Microsoft-Backed Firm Says IBM Is Anticompetitive
BBCWatcher writes "Microsoft has long claimed that the mainframe is dead, slain by the company's Windows monopoly. Yet, apparently without any mirror nearby, Microsoft is now complaining through the Microsoft-funded Computer & Communications Industry Association that not only are mainframes not dead, but IBM is so anticompetitive that governments should intervene in the hyper-competitive server market. The Wall Street Journal reports that Microsoft is worried that the trend toward cloud computing is introducing competition to the Windows franchise, favoring better-positioned companies including IBM and Cisco. HP now talks about almost nothing but the IBM mainframe, with no Tukwila CPUs to sell until 2010. The global recession is encouraging more mainframe adoption as businesses slash IT costs, dominated by labor costs, and improve business execution. In 2008, IBM mainframe revenues rose 12.5% even whilst mainframe prices fell. (IBM shipped 25% more mainframe capacity than in 2007. Other server sales reports are not so good.) IBM mainframes can run multiple operating systems concurrently, including Linux and, more recently, OpenSolaris."

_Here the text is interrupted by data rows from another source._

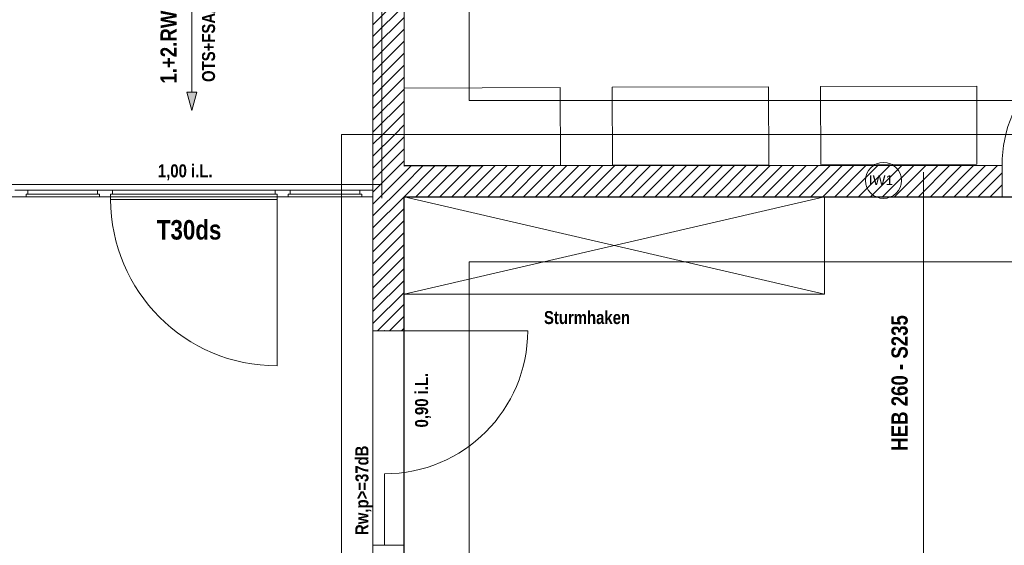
# Model space of a CAD drawing. Header units: millimetres. Extents: x 634730 to 711346, y 362082 to 425615.
# Tile 16 of 160: x 657339 to 664904, y 381218 to 385259. Entities that reach past the tile are written whole.
import ezdxf
from ezdxf.enums import TextEntityAlignment as Align

# ---------------------------------------------------------------- set-up
doc = ezdxf.new("R2010")
doc.units = ezdxf.units.MM
doc.header["$LTSCALE"] = 50
for name, pattern in [('Doppelstrichlinie', [1.093611, 0.529167, -0.211667, 0.141111, -0.211667]), ('Strichlinie', [0.4, 0.3, -0.1]), ('Strichlinie_ lang', [0.529167, 0.3175, -0.211667]), ('Strichpunktlinie', [0.335139, 0.176389, -0.088194, 0, -0.070556])]:
    doc.linetypes.add(name, pattern=pattern)
for name, color, linetype in [('1_EG', 7, 'Continuous'), ('A_Beschriftung', 7, 'Continuous'), ('A_Brandschutz', 7, 'Continuous'), ('A_Dach Belag', 7, 'Continuous'), ('A_Decken', 7, 'Continuous'), ('A_Deckenspiegel', 7, 'Continuous'), ('A_Möblierung fest', 7, 'Continuous'), ('A_Möblierung variabel', 7, 'Continuous'), ('A_Raumflächen', 7, 'Continuous'), ('A_Statik', 7, 'Continuous'), ('A_Wände', 7, 'Continuous')]:
    doc.layers.add(name, color=color, linetype=linetype)
doc.styles.add('ERSTELLTER_STIL_1', font='ARIALN.TTF')
doc.styles.add('ERSTELLTER_STIL_2', font='ARIALNB.TTF')

# ---------------------------------------------------------------- blocks, each defined once
blk = doc.blocks.new('A$C85d2cf1a')
at = {"layer": 'A_Brandschutz', "linetype": 'Continuous', "lineweight": 18}
blk.add_hatch(color=1, dxfattribs=at).paths.add_polyline_path([(12.679, 22.4799), (12.7168, 22.6198), (12.6418, 22.62)])
at = {"layer": 'A_Beschriftung', "color": 7, "linetype": 'Continuous', "lineweight": 13}
for p, q in [((17.9946, 21.8026), (17.9946, 21.8027)), ((17.9946, 21.8017), (17.9946, 21.8026))]:
    blk.add_line(p, q, dxfattribs=at)
at = {"layer": 'A_Beschriftung', "color": 7, "linetype": 'Continuous', "lineweight": 13, "flags": 128}
blk.add_lwpolyline([(18.1328, 21.941, 1), (17.8563, 21.941, 1)], format="xyb", close=True, dxfattribs=at)
at = {"layer": 'A_Brandschutz', "color": 1, "linetype": 'Doppelstrichlinie', "lineweight": 18, "true_color": 0xf50000}
for p, q in [((14.1409, 26.7074), (14.1408, 21.8052)), ((14.1408, 21.9108), (6.4894, 21.911))]:
    blk.add_line(p, q, dxfattribs=at)
at = {"layer": 'A_Brandschutz', "color": 1, "linetype": 'Continuous', "lineweight": 18}
for p, q in [((12.681, 23.4314), (12.6793, 22.6199)), ((12.6418, 22.62), (12.7168, 22.6198)), ((12.679, 22.4799), (12.6418, 22.62)), ((12.679, 22.4799), (12.7168, 22.6198))]:
    blk.add_line(p, q, dxfattribs=at)
at = {"layer": 'A_Dach Belag', "color": 7, "linetype": 'Strichlinie_ lang', "lineweight": 18}
for p, q in [((21.8386, 22.2953), (13.8306, 22.2953)), ((13.8306, 22.2953), (13.8306, 5.9702))]:
    blk.add_line(p, q, dxfattribs=at)
at = {"layer": 'A_Decken', "color": 7, "linetype": 'Strichlinie_ lang', "lineweight": 25}
for p, q in [((14.3106, 6.16), (14.3106, 21.8153)), ((14.3106, 21.8153), (21.8386, 21.8153))]:
    blk.add_line(p, q, dxfattribs=at)
at = {"layer": 'A_Deckenspiegel', "color": 7, "linetype": 'Strichlinie', "lineweight": 13}
for p, q in [((14.0706, 21.8653), (14.0706, 36.1374)), ((14.8106, 26.0534), (14.8105, 22.5553)), ((14.8105, 22.5553), (20.8586, 22.5551)), ((14.0706, 21.8153), (7.3306, 21.8153)), ((11.3206, 21.8653), (14.0706, 21.8653)), ((14.0706, 17.19), (14.0706, 21.8153)), ((14.8095, 13.8051), (14.8097, 21.3153)), ((14.8097, 21.3153), (21.0893, 21.3151))]:
    blk.add_line(p, q, dxfattribs=at)
at = {"layer": 'A_Möblierung fest', "color": 7, "linetype": 'Continuous', "lineweight": 18}
for p, q in [((17.5406, 21.8155), (14.3106, 21.0655)), ((17.5406, 21.8154), (14.3106, 21.8154)), ((14.3106, 21.8153), (17.5406, 21.0654)), ((17.5406, 21.0654), (17.5406, 21.8155)), ((14.3106, 21.0655), (17.5406, 21.0654))]:
    blk.add_line(p, q, dxfattribs=at)
at = {"layer": 'A_Möblierung variabel', "color": 7, "linetype": 'Continuous', "lineweight": 18}
for p, q in [((15.5106, 22.6554), (14.3106, 22.6516)), ((14.3106, 22.6516), (14.3125, 22.0516)), ((15.5125, 22.0554), (15.5106, 22.6554)), ((17.1106, 22.6609), (15.9106, 22.6571)), ((15.9106, 22.6571), (15.9125, 22.0571)), ((17.1125, 22.0609), (17.1106, 22.6609)), ((18.7106, 22.6664), (17.5106, 22.6626)), ((17.5106, 22.6626), (17.5125, 22.0626)), ((18.7125, 22.0664), (18.7106, 22.6664)), ((14.3125, 22.0516), (15.5125, 22.0554)), ((15.9125, 22.0571), (17.1125, 22.0609)), ((17.5125, 22.0626), (18.7125, 22.0664))]:
    blk.add_line(p, q, dxfattribs=at)
at = {"layer": 'A_Statik', "color": 7, "linetype": 'Strichpunktlinie', "lineweight": 13}
blk.add_line((18.3007, 13.185), (18.3007, 22.015), dxfattribs=at)
at = {"layer": 'A_Wände', "color": 7, "linetype": 'Continuous', "lineweight": 18}
for p, q in [((14.0706, 26.5533), (14.0706, 22.2953)), ((14.3106, 22.2953), (14.3106, 26.5533)), ((14.0706, 22.2953), (14.0706, 21.9903)), ((14.3106, 22.0554), (14.3106, 22.2953)), ((18.9057, 22.0554), (14.3106, 22.0554)), ((18.9057, 22.0554), (18.9057, 21.8154)), ((18.9057, 22.0554), (18.9057, 21.8154)), ((18.9057, 22.0554), (18.9057, 21.8154)), ((14.0704, 21.8653), (14.0704, 21.9903)), ((14.0704, 21.8653), (14.0704, 21.9903)), ((11.3206, 21.8653), (11.4206, 21.8653)), ((11.4056, 21.8153), (11.3206, 21.8153)), ((11.4206, 21.8353), (11.4056, 21.8353)), ((11.4056, 21.8353), (11.4056, 21.8153)), ((11.9706, 21.8153), (11.4056, 21.8153)), ((11.4206, 21.8653), (11.9556, 21.8653)), ((11.4206, 21.8653), (11.4206, 21.8353)), ((11.4206, 21.8353), (11.9556, 21.8353)), ((11.9556, 21.8353), (11.9556, 21.8653)), ((11.9556, 21.8653), (12.0706, 21.8653)), ((11.9706, 21.8353), (11.9556, 21.8353)), ((11.9706, 21.8153), (11.9706, 21.8353)), ((12.0556, 21.8153), (11.9706, 21.8153)), ((12.0706, 21.8353), (12.0556, 21.8353)), ((12.0556, 21.8353), (12.0556, 21.8153)), ((12.0556, 21.7953), (12.0556, 21.8353)), ((12.0556, 21.8353), (13.3354, 21.8353)), ((13.3354, 21.7953), (12.0556, 21.7953)), ((12.0706, 21.8653), (12.0706, 21.8353)), ((13.4354, 21.8653), (13.3204, 21.8653)), ((13.3204, 21.8653), (13.3204, 21.8353)), ((13.3204, 21.8353), (13.3354, 21.8353)), ((13.3354, 21.8353), (13.3354, 21.8153)), ((13.3354, 21.8353), (13.3354, 21.7953)), ((13.3354, 21.8153), (13.4204, 21.8153)), ((13.3354, 21.7953), (13.3354, 20.5154)), ((13.4204, 21.8353), (13.4354, 21.8353)), ((13.4204, 21.8153), (13.4204, 21.8353)), ((13.4204, 21.8153), (13.9854, 21.8153)), ((13.9704, 21.8653), (13.4354, 21.8653)), ((13.4354, 21.8353), (13.4354, 21.8653)), ((13.9704, 21.8353), (13.4354, 21.8353)), ((14.0704, 21.8653), (13.9704, 21.8653)), ((13.9704, 21.8653), (13.9704, 21.8353)), ((13.9704, 21.8353), (13.9854, 21.8353)), ((13.9854, 21.8353), (13.9854, 21.8153)), ((13.9854, 21.8153), (14.0704, 21.8153)), ((14.0704, 21.8153), (14.0704, 21.8653)), ((14.0704, 21.8153), (14.0704, 21.8653)), ((14.0704, 21.8153), (14.0704, 21.8653)), ((14.0704, 21.8153), (14.0704, 21.8653)), ((14.0704, 21.8153), (14.0706, 21.8153)), ((14.0706, 21.8153), (14.0706, 20.7854)), ((14.3106, 21.8154), (18.9057, 21.8154)), ((14.3106, 20.7854), (14.3106, 21.8154)), ((14.1106, 20.7854), (14.0706, 20.7854)), ((14.1106, 20.7854), (14.0706, 20.7854)), ((14.1606, 20.7854), (14.1106, 20.7854)), ((14.1606, 20.7854), (14.1106, 20.7854)), ((14.1606, 20.7854), (14.1106, 20.7854)), ((14.3106, 20.7854), (14.1606, 20.7854)), ((14.1606, 20.7854), (15.2606, 20.7854)), ((14.3106, 20.7854), (14.1606, 20.7854)), ((14.1606, 19.1354), (14.1606, 19.6854)), ((14.1106, 19.1354), (14.0706, 19.1354)), ((14.1106, 19.1354), (14.0706, 19.1354)), ((14.1606, 19.1354), (14.1106, 19.1354)), ((14.1606, 19.1354), (14.1106, 19.1354)), ((14.1606, 19.1354), (14.1106, 19.1354)), ((14.3106, 19.1354), (14.1606, 19.1354)), ((14.3106, 19.1354), (14.1606, 19.1354))]:
    blk.add_line(p, q, dxfattribs=at)
at = {"layer": 'A_Wände', "color": 8, "linetype": 'Continuous', "lineweight": 18}
for p, q in [((14.0706, 23.1385), (14.3106, 23.3785)), ((14.0706, 23.0466), (14.3106, 23.2866)), ((14.0706, 22.9547), (14.3106, 23.1947)), ((14.0706, 22.8628), (14.3106, 23.1028)), ((14.0706, 22.7708), (14.3106, 23.0108)), ((14.0706, 22.6789), (14.3106, 22.9189)), ((14.0706, 22.587), (14.3106, 22.827)), ((14.0706, 22.4951), (14.3106, 22.7351)), ((14.0706, 22.4031), (14.3106, 22.6431)), ((14.0706, 22.3112), (14.3106, 22.5512)), ((14.1466, 22.2953), (14.3106, 22.4593)), ((14.2385, 22.2953), (14.3106, 22.3674)), ((14.0706, 22.2193), (14.1466, 22.2953)), ((14.0706, 22.1274), (14.2385, 22.2953)), ((14.0706, 22.0354), (14.3106, 22.2754)), ((14.0706, 21.9435), (14.3106, 22.1835)), ((14.0706, 21.8516), (14.3106, 22.0916)), ((14.3106, 21.9997), (14.3664, 22.0554)), ((14.3106, 21.9077), (14.4583, 22.0554)), ((14.3106, 21.8158), (14.5502, 22.0554)), ((14.4021, 21.8154), (14.6421, 22.0554)), ((14.4941, 21.8154), (14.7341, 22.0554)), ((14.586, 21.8154), (14.826, 22.0554)), ((14.6779, 21.8154), (14.9179, 22.0554)), ((14.7698, 21.8154), (15.0098, 22.0554)), ((14.8617, 21.8154), (15.1017, 22.0554)), ((14.9537, 21.8154), (15.1937, 22.0554)), ((15.0456, 21.8154), (15.2856, 22.0554)), ((15.1375, 21.8154), (15.3775, 22.0554)), ((15.2294, 21.8154), (15.4694, 22.0554)), ((15.3214, 21.8154), (15.5614, 22.0554)), ((15.4133, 21.8154), (15.6533, 22.0554)), ((15.5052, 21.8154), (15.7452, 22.0554)), ((15.5971, 21.8154), (15.8371, 22.0554)), ((15.6891, 21.8154), (15.9291, 22.0554)), ((15.781, 21.8154), (16.021, 22.0554)), ((15.8729, 21.8154), (16.1129, 22.0554)), ((15.9648, 21.8154), (16.2048, 22.0554)), ((16.0568, 21.8154), (16.2968, 22.0554)), ((16.1487, 21.8154), (16.3887, 22.0554)), ((16.2406, 21.8154), (16.4806, 22.0554)), ((16.3325, 21.8154), (16.5725, 22.0554)), ((16.4245, 21.8154), (16.6645, 22.0554)), ((16.5164, 21.8154), (16.7564, 22.0554)), ((16.6083, 21.8154), (16.8483, 22.0554)), ((16.7002, 21.8154), (16.9402, 22.0554)), ((16.7921, 21.8154), (17.0321, 22.0554)), ((16.8841, 21.8154), (17.1241, 22.0554)), ((16.976, 21.8154), (17.216, 22.0554)), ((17.0679, 21.8154), (17.3079, 22.0554)), ((17.1598, 21.8154), (17.3998, 22.0554)), ((17.2518, 21.8154), (17.4918, 22.0554)), ((17.3437, 21.8154), (17.5837, 22.0554)), ((17.4356, 21.8154), (17.6756, 22.0554)), ((17.5275, 21.8154), (17.7675, 22.0554)), ((17.6195, 21.8154), (17.8595, 22.0554)), ((17.7114, 21.8154), (17.9514, 22.0554)), ((17.8033, 21.8154), (18.0433, 22.0554)), ((17.8952, 21.8154), (18.1352, 22.0554)), ((17.9872, 21.8154), (18.2272, 22.0554)), ((18.0791, 21.8154), (18.3191, 22.0554)), ((18.171, 21.8154), (18.411, 22.0554)), ((18.2629, 21.8154), (18.5029, 22.0554)), ((18.3549, 21.8154), (18.5949, 22.0554)), ((18.4468, 21.8154), (18.6868, 22.0554)), ((18.5387, 21.8154), (18.7787, 22.0554)), ((18.6306, 21.8154), (18.8706, 22.0554)), ((14.0704, 21.9434), (14.0706, 21.9435)), ((14.0706, 21.7597), (14.3106, 21.9997)), ((18.7225, 21.8154), (18.9057, 21.9986)), ((14.0706, 21.6677), (14.3106, 21.9077)), ((18.8145, 21.8154), (18.9057, 21.9067)), ((14.0704, 21.8514), (14.0706, 21.8516)), ((14.0706, 21.5758), (14.3106, 21.8158)), ((14.0706, 21.4839), (14.3106, 21.7239)), ((14.0706, 21.392), (14.3106, 21.632)), ((14.0706, 21.3001), (14.3106, 21.5401)), ((14.0706, 21.2081), (14.3106, 21.4481)), ((14.0706, 21.1162), (14.3106, 21.3562)), ((14.0706, 21.0243), (14.3106, 21.2643)), ((14.0706, 20.9324), (14.3106, 21.1724)), ((14.0706, 20.8404), (14.3106, 21.0804)), ((14.1075, 20.7854), (14.3106, 20.9885)), ((14.1994, 20.7854), (14.3106, 20.8966)), ((14.2914, 20.7854), (14.3106, 20.8047))]:
    blk.add_line(p, q, dxfattribs=at)
at = {"layer": 'A_Wände', "color": 7, "linetype": 'Continuous', "lineweight": 13}
for centre, radius, start, end in [((19.9157, 22.0554), 1.01, 90, 180), ((13.3354, 21.7953), 1.2798, 180, 270), ((14.1606, 20.7854), 1.1, 270, 0)]:
    blk.add_arc(centre, radius, start, end, dxfattribs=at)
at = {"layer": 'A_Wände', "color": 7, "linetype": 'Continuous', "lineweight": 18}
for p in [(18.9057, 22.0554), (14.1606, 20.7854)]:
    blk.add_point(p, dxfattribs=at)
at = {"layer": 'A_Beschriftung', "color": 253, "true_color": 0x9f9f9f, "style": 'ERSTELLTER_STIL_2'}
for s, p in [('OTS+FSA/FL', (12.8579, 22.6977)), ('0,90 i.L.', (14.4948, 20.0415)), ('Rw,p>=37dB', (14.0363, 19.2148))]:
    blk.add_text(s, height=0.1, rotation=90, dxfattribs=at).set_placement(p)
for s, p in [('1,00 i.L.', (12.4185, 21.9647)), ('Sturmhaken', (15.3853, 20.8368))]:
    blk.add_text(s, height=0.1, dxfattribs=at).set_placement(p)
at = {"layer": 'A_Beschriftung', "color": 7, "style": 'ERSTELLTER_STIL_2'}
blk.add_text('HEB 260 - S235', height=0.125, rotation=90, dxfattribs=at).set_placement((18.1802, 19.8625))
at = {"layer": 'A_Beschriftung', "color": 7, "lineweight": 13, "insert": (17.9946, 21.9809), "char_height": 0.075, "attachment_point": 2, "style": 'ERSTELLTER_STIL_2'}
blk.add_mtext('\\A1;{\\pqc;\\pt0,1;\\fArial|b0|i0|c0|p0;\\W1.000000;IW1\\fArial|b0|i0|c0|p0;\\W1.000000;\\A1{\\H.66x;\\S^  ;}\\fArial|b0|i0|c0|p0;\\W1.000000;\\fArial|b0|i0|c0|p0;\\W1.000000;\\A1{\\H.66x;\\S^  ;}\\fArial|b0|i0|c0|p0;\\W1.000000; \\fArial|b0|i0|c0|p0;\\W1.000000;\\fArial|b0|i0|c0|p0;\\W1.000000;\\fArial|b0|i0|c0|p0;\\W1.000000;\\fArial|b0|i0|c0|p0;\\W1.000000;\\fArial|b0|i0|c0|p0;\\W1.000000;\\fArial|b0|i0|c0|p0;\\W1.000000;\\fArial|b0|i0|c0|p0;\\W1.000000;\\fArial|b0|i0|c0|p0;\\W1.000000;\\fArial|b0|i0|c0|p0;\\W1.000000;\\fArial|b0|i0|c0|p0;\\W1.000000;\\fArial|b0|i0|c0|p0;\\W1.000000;\\fArial|b0|i0|c0|p0;\\W1.000000;\\fArial|b0|i0|c0|p0;\\W1.000000;\\fArial|b0|i0|c0|p0;\\W1.000000;\\fArial|b0|i0|c0|p0;\\W1.000000;\\fArial|b0|i0|c0|p0;\\W1.000000;\\fArial|b0|i0|c0|p0;\\W1.000000;\\fArial|b0|i0|c0|p0;\\W1.000000;\\fArial|b0|i0|c0|p0;\\W1.000000;\\fArial|b0|i0|c0|p0;\\W1.000000;\\fArial|b0|i0|c0|p0;\\W1.000000;\\fArial|b0|i0|c0|p0;\\W1.000000;\\fArial|b0|i0|c0|p0;\\W1.000000;\\fArial|b0|i0|c0|p0;\\W1.000000;\\fArial|b0|i0|c0|p0;\\W1.000000;\\fArial|b0|i0|c0|p0;\\W1.000000;\\fArial|b0|i0|c0|p0;\\W1.000000;\\fArial|b0|i0|c0|p0;\\W1.000000;\\fArial|b0|i0|c0|p0;\\W1.000000;\\fArial|b0|i0|c0|p0;\\W1.000000;\\fArial|b0|i0|c0|p0;\\W1.000000;\\fArial|b0|i0|c0|p0;\\W1.000000;\\fArial|b0|i0|c0|p0;\\W1.000000;\\fArial|b0|i0|c0|p0;\\W1.000000;\\fArial|b0|i0|c0|p0;\\W1.000000;\\fArial|b0|i0|c0|p0;\\W1.000000;\\fArial|b0|i0|c0|p0;\\W1.000000;\\fArial|b0|i0|c0|p0;\\W1.000000;\\fArial|b0|i0|c0|p0;\\W1.000000;\\fArial|b0|i0|c0|p0;\\W1.000000;\\fArial|b0|i0|c0|p0;\\W1.000000;\\fArial|b0|i0|c0|p0;\\W1.000000;\\fArial|b0|i0|c0|p0;\\W1.000000;}', dxfattribs=at)
at = {"layer": 'A_Brandschutz', "color": 1, "style": 'ERSTELLTER_STIL_2'}
blk.add_text('1.+2.RW', height=0.125, rotation=89.84644, dxfattribs=at).set_placement((12.5627, 22.685))
at = {"layer": 'A_Brandschutz', "color": 7, "style": 'ERSTELLTER_STIL_2'}
blk.add_text('T30ds', height=0.15, rotation=359.99883, dxfattribs=at).set_placement((12.4103, 21.4863))
at = {"layer": 'A_Möblierung fest', "color": 7, "lineweight": 13, "style": 'ERSTELLTER_STIL_2', "text_generation_flag": 2}
blk.add_attdef('txt', text='', height=0.12, rotation=359.99883, dxfattribs=at).set_placement((23.514, 39.2921), align=Align.MIDDLE_CENTER)
at = {"layer": 'A_Möblierung fest', "color": 7, "lineweight": 13, "style": 'ERSTELLTER_STIL_2'}
blk.add_attdef('txt', text='', height=0.12, dxfattribs=at).set_placement((10.172, 25.6523), align=Align.MIDDLE_CENTER)
at = {"layer": 'A_Raumflächen', "color": 7, "lineweight": 18}
for tag, style, p in [('DUMMY_850', 'ERSTELLTER_STIL_1', (31.5414, 25.9585)), ('DUMMY_850', 'ERSTELLTER_STIL_1', (48.3798, 25.9585)), ('ROOM_NAME', 'ERSTELLTER_STIL_1', (30.4276, 25.9283)), ('ROOM_NAME', 'ERSTELLTER_STIL_1', (47.266, 25.9283)), ('floorCode', 'ERSTELLTER_STIL_2', (30.5258, 25.6828)), ('stFloorCovering', 'ERSTELLTER_STIL_2', (31.0934, 25.6828)), ('floorCode', 'ERSTELLTER_STIL_2', (47.3642, 25.6828)), ('stFloorCovering', 'ERSTELLTER_STIL_2', (47.9319, 25.6828)), ('DUMMY_851', 'ERSTELLTER_STIL_2', (30.5258, 25.4675)), ('DUMMY_851', 'ERSTELLTER_STIL_2', (47.3642, 25.4675)), ('measuredNetAreaCode', 'ERSTELLTER_STIL_2', (30.5258, 25.1917)), ('measuredNetAreaCode', 'ERSTELLTER_STIL_2', (47.3642, 25.1917))]:
    blk.add_attdef(tag, text='', height=0.125, dxfattribs=dict(at, style=style)).set_placement(p, align=Align.TOP_LEFT)

msp = doc.modelspace()

# ---------------------------------------------------------------- block references
at = {"layer": '1_EG', "xscale": 1000, "yscale": 1000, "zscale": 1000}
msp.add_blockref('A$C85d2cf1a', (645981.7, 362082.4, 41515.3), dxfattribs=at)

doc.saveas('drawing.dxf')

Talk about the pot calling the kettle black!
T3 contends that IBM pens in mainframe customers faced with a high cost of switching to other systems, while refusing to share blueprints necessary to offer a cheaper alternative.
I'm not a hardware guy and I'm no fan of IBM but I must be missing something here: what is it about mainframes that makes them so different from servers?
Tampa-based T3 develops mainframe technology compatible with IBM software that is designed for small and midsize enterprises.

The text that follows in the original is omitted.